Spring '23 results - Sparse Image and dual IMU localization for AR glasses

Visual Odometry

The inceptionNet-based model produces similar results to the ResNet-based model with nearly half the number of FLOPs. Thus, we went ahead with InceptionNet architecture itself to train on the Smith Hall dataset collected using Aria glasses.

The metrics used here are RMSE (Root Mean Square Error) over position and orientation error in terms of the difference in degrees between predicted and ground truth. As we can see, the position and orientation error using Visual Odometry is pretty low.

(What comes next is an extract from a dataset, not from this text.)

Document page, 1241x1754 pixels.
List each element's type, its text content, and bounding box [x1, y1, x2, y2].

The model has been tested on 2 completely different datasets. The King’s College dataset is an outdoor dataset with a variety of difficult scenarios like motion blur, a clutter of pedestrians, and varying lighting conditions. On the other hand, the Smith Hall dataset is an indoor dataset that has very few keypoint features in certain areas and dim lighting as well. Thus, the Visual only odometry module performs robustly.

Inertial Odometry

These are the results from our Inertial-only module which has been tested on 3 datasets to showcase robustness.

The metric used for measuring orientation error is the RMSE between the predicted quaternions and the ground truth quaternions.

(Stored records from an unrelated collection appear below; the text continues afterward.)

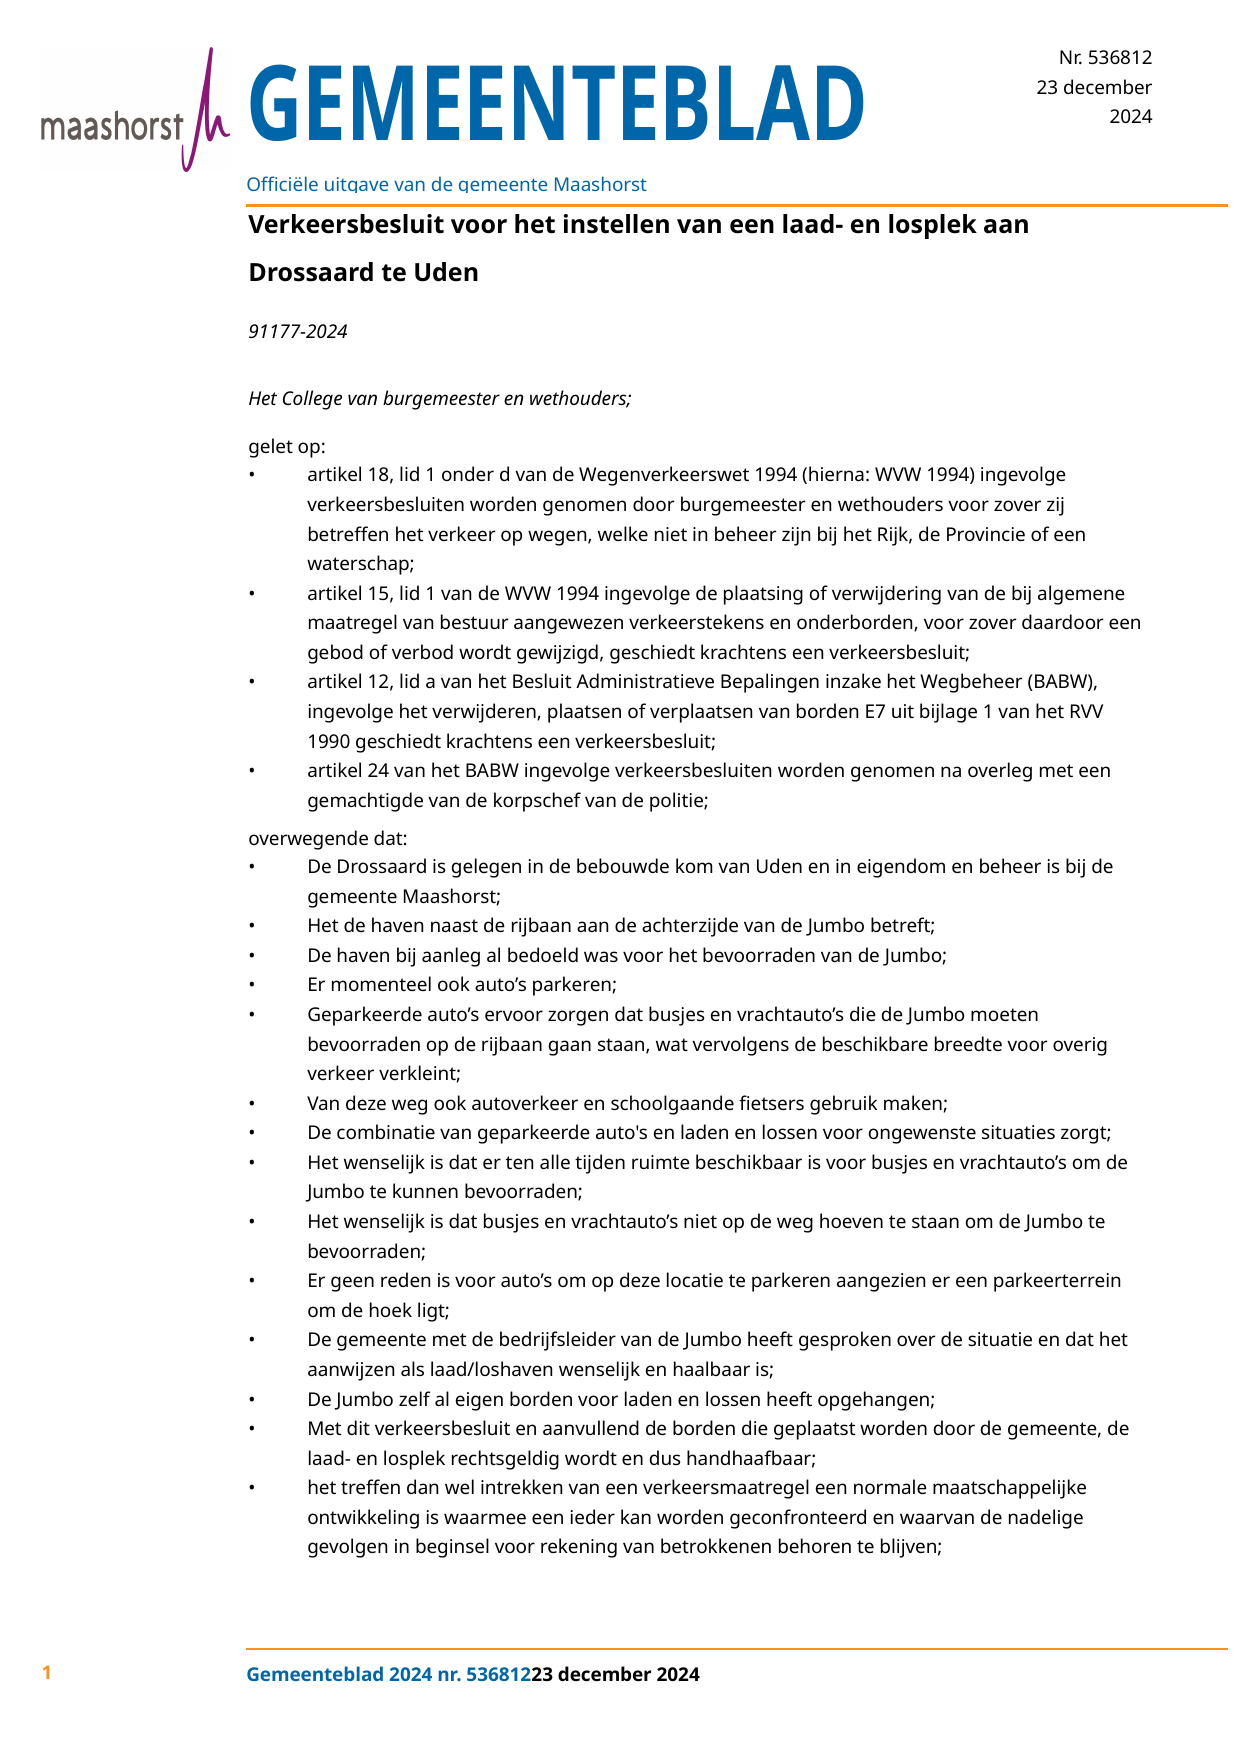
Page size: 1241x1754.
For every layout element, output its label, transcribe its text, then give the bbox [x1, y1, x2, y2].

list Het wenselijk is dat busjes en vrachtauto’s niet op de weg hoeven te staan om de Jumbo te bevoorraden; [248, 1208, 1152, 1263]
list artikel 18, lid 1 onder d van de Wegenverkeerswet 1994 (hierna: WVW 1994) ingevolge verkeersbesluiten worden genomen door burgemeester en wethouders voor zover zij betreffen het verkeer op wegen, welke niet in beheer zijn bij het Rijk, de Provincie of een waterschap; [248, 462, 1152, 576]
list het treffen dan wel intrekken van een verkeersmaatregel een normale maatschappelijke ontwikkeling is waarmee een ieder kan worden geconfronteerd en waarvan de nadelige gevolgen in beginsel voor rekening van betrokkenen behoren te blijven; [248, 1474, 1152, 1559]
list artikel 24 van het BABW ingevolge verkeersbesluiten worden genomen na overleg met een gemachtigde van de korpschef van de politie; [248, 757, 1152, 813]
text 91177-2024 [248, 318, 1152, 344]
list De haven bij aanleg al bedoeld was voor het bevoorraden van de Jumbo; [248, 942, 1152, 968]
list Het de haven naast de rijbaan aan de achterzijde van de Jumbo betreft; [248, 912, 1152, 938]
text overwegende dat: [248, 825, 1152, 851]
list De Drossaard is gelegen in de bebouwde kom van Uden en in eigendom en beheer is bij de gemeente Maashorst; [248, 853, 1152, 908]
text Het College van burgemeester en wethouders; [248, 386, 1152, 411]
list Er geen reden is voor auto’s om op deze locatie te parkeren aangezien er een parkeerterrein om de hoek ligt; [248, 1267, 1152, 1323]
list Het wenselijk is dat er ten alle tijden ruimte beschikbaar is voor busjes en vrachtauto’s om de Jumbo te kunnen bevoorraden; [248, 1149, 1152, 1204]
list Er momenteel ook auto’s parkeren; [248, 972, 1152, 997]
list Met dit verkeersbesluit en aanvullend de borden die geplaatst worden door de gemeente, de laad- en losplek rechtsgeldig wordt en dus handhaafbaar; [248, 1415, 1152, 1471]
picture [41, 47, 231, 172]
list De gemeente met de bedrijfsleider van de Jumbo heeft gesproken over de situatie en dat het aanwijzen als laad/loshaven wenselijk en haalbaar is; [248, 1327, 1152, 1382]
list artikel 15, lid 1 van de WVW 1994 ingevolge de plaatsing of verwijdering van de bij algemene maatregel van bestuur aangewezen verkeerstekens en onderborden, voor zover daardoor een gebod of verbod wordt gewijzigd, geschiedt krachtens een verkeersbesluit; [248, 580, 1152, 665]
list Van deze weg ook autoverkeer en schoolgaande fietsers gebruik maken; [248, 1090, 1152, 1116]
list artikel 12, lid a van het Besluit Administratieve Bepalingen inzake het Wegbeheer (BABW), ingevolge het verwijderen, plaatsen of verplaatsen van borden E7 uit bijlage 1 van het RVV 1990 geschiedt krachtens een verkeersbesluit; [248, 669, 1152, 753]
list De combinatie van geparkeerde auto's en laden en lossen voor ongewenste situaties zorgt; [248, 1119, 1152, 1145]
text Verkeersbesluit voor het instellen van een laad- en losplek aan Drossaard te Uden [248, 207, 1152, 288]
list De Jumbo zelf al eigen borden voor laden en lossen heeft opgehangen; [248, 1386, 1152, 1411]
list Geparkeerde auto’s ervoor zorgen dat busjes en vrachtauto’s die de Jumbo moeten bevoorraden op de rijbaan gaan staan, wat vervolgens de beschikbare breedte voor overig verkeer verkleint; [248, 1001, 1152, 1086]
text gelet op: [248, 433, 1152, 459]

For position error, we use Absolute Trajectory Error (ATE) which is the RMSE between corresponding points in the estimated and ground truth trajectories. This is a measure of global consistency and usually increases with trajectory length.

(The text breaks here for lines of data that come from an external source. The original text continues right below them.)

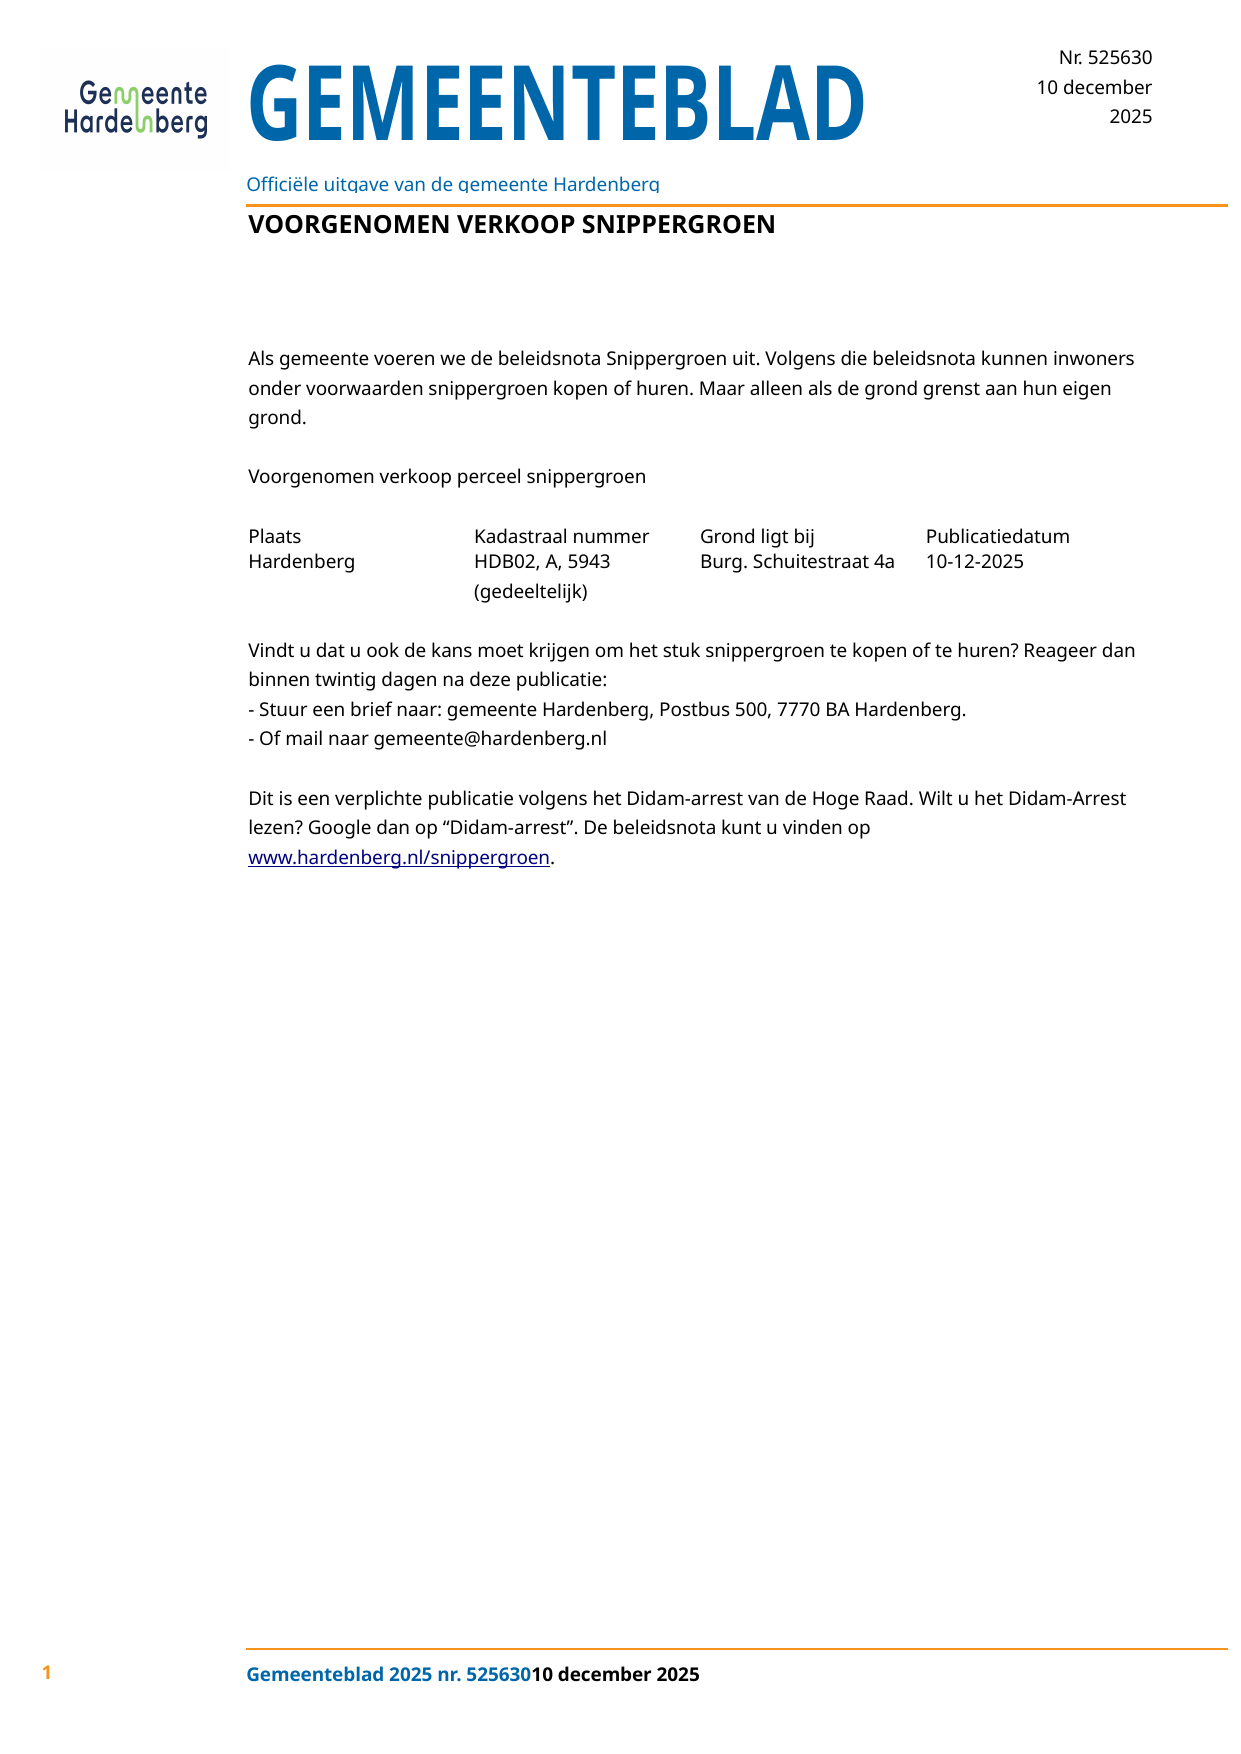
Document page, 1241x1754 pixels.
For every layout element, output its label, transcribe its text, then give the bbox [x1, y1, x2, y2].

table_header Kadastraal nummer [474, 523, 700, 549]
text Dit is een verplichte publicatie volgens het Didam-arrest van de Hoge Raad. Wilt u het Didam-Arrest lezen? Google dan op “Didam-arrest”. De beleidsnota kunt u vinden op www.hardenberg.nl/snippergroen. [248, 785, 1152, 869]
table_cell HDB02, A, 5943 (gedeeltelijk) [474, 549, 700, 604]
text - Stuur een brief naar: gemeente Hardenberg, Postbus 500, 7770 BA Hardenberg. [248, 696, 1152, 722]
table_header Grond ligt bij [700, 523, 926, 549]
table_header Plaats [248, 523, 474, 549]
text Als gemeente voeren we de beleidsnota Snippergroen uit. Volgens die beleidsnota kunnen inwoners onder voorwaarden snippergroen kopen of huren. Maar alleen als de grond grenst aan hun eigen grond. [248, 345, 1152, 430]
text Voorgenomen verkoop perceel snippergroen [248, 464, 1152, 489]
text - Of mail naar gemeente@hardenberg.nl [248, 726, 1152, 751]
table_cell 10-12-2025 [926, 549, 1152, 604]
table_cell Burg. Schuitestraat 4a [700, 549, 926, 604]
text Vindt u dat u ook de kans moet krijgen om het stuk snippergroen te kopen of te huren? Reageer dan binnen twintig dagen na deze publicatie: [248, 637, 1152, 692]
text VOORGENOMEN VERKOOP SNIPPERGROEN [248, 207, 1152, 241]
table_header Publicatiedatum [926, 523, 1152, 549]
table_cell Hardenberg [248, 549, 474, 604]
picture [41, 47, 231, 172]

Combined Low-Power Visual-Inertial Odometry

Plot showing an increase of error and decrease of FLOPS by reducing the frequency of VO module utilization

In order to capitalize on the pros of each component, we aim to utilize the accurate Visual Odometry (VO) module at fixed intervals of time in order to reset the low-power Inertial Odometry (IO) module.

We are gradually reducing the frequency of using VO for pose prediction. At every i^th second, we are using the VO prediction instead of the IO prediction and resetting the IO module using this prediction. Thus, we see that as we remove the dependency on VO, the position and orientation error keeps increasing as expected. These experiments have been performed on the Smith Hall dataset.

The plot also notes the Floating Point Operations Per Second (FLOPS) of our system. FLOPS is a reliable way of reporting how power-hungry and latency-causing a module is. Thus, we note that as we keep reducing the usage frequency of the VO module, the FLOPS also reduces. This is because the FLOPS for the VO module is 2 G and for the IO is 471 K. The VO module has higher latency than the IO module.

Thus, we conclude that using VO intermittently enables improved accuracy of the IO method.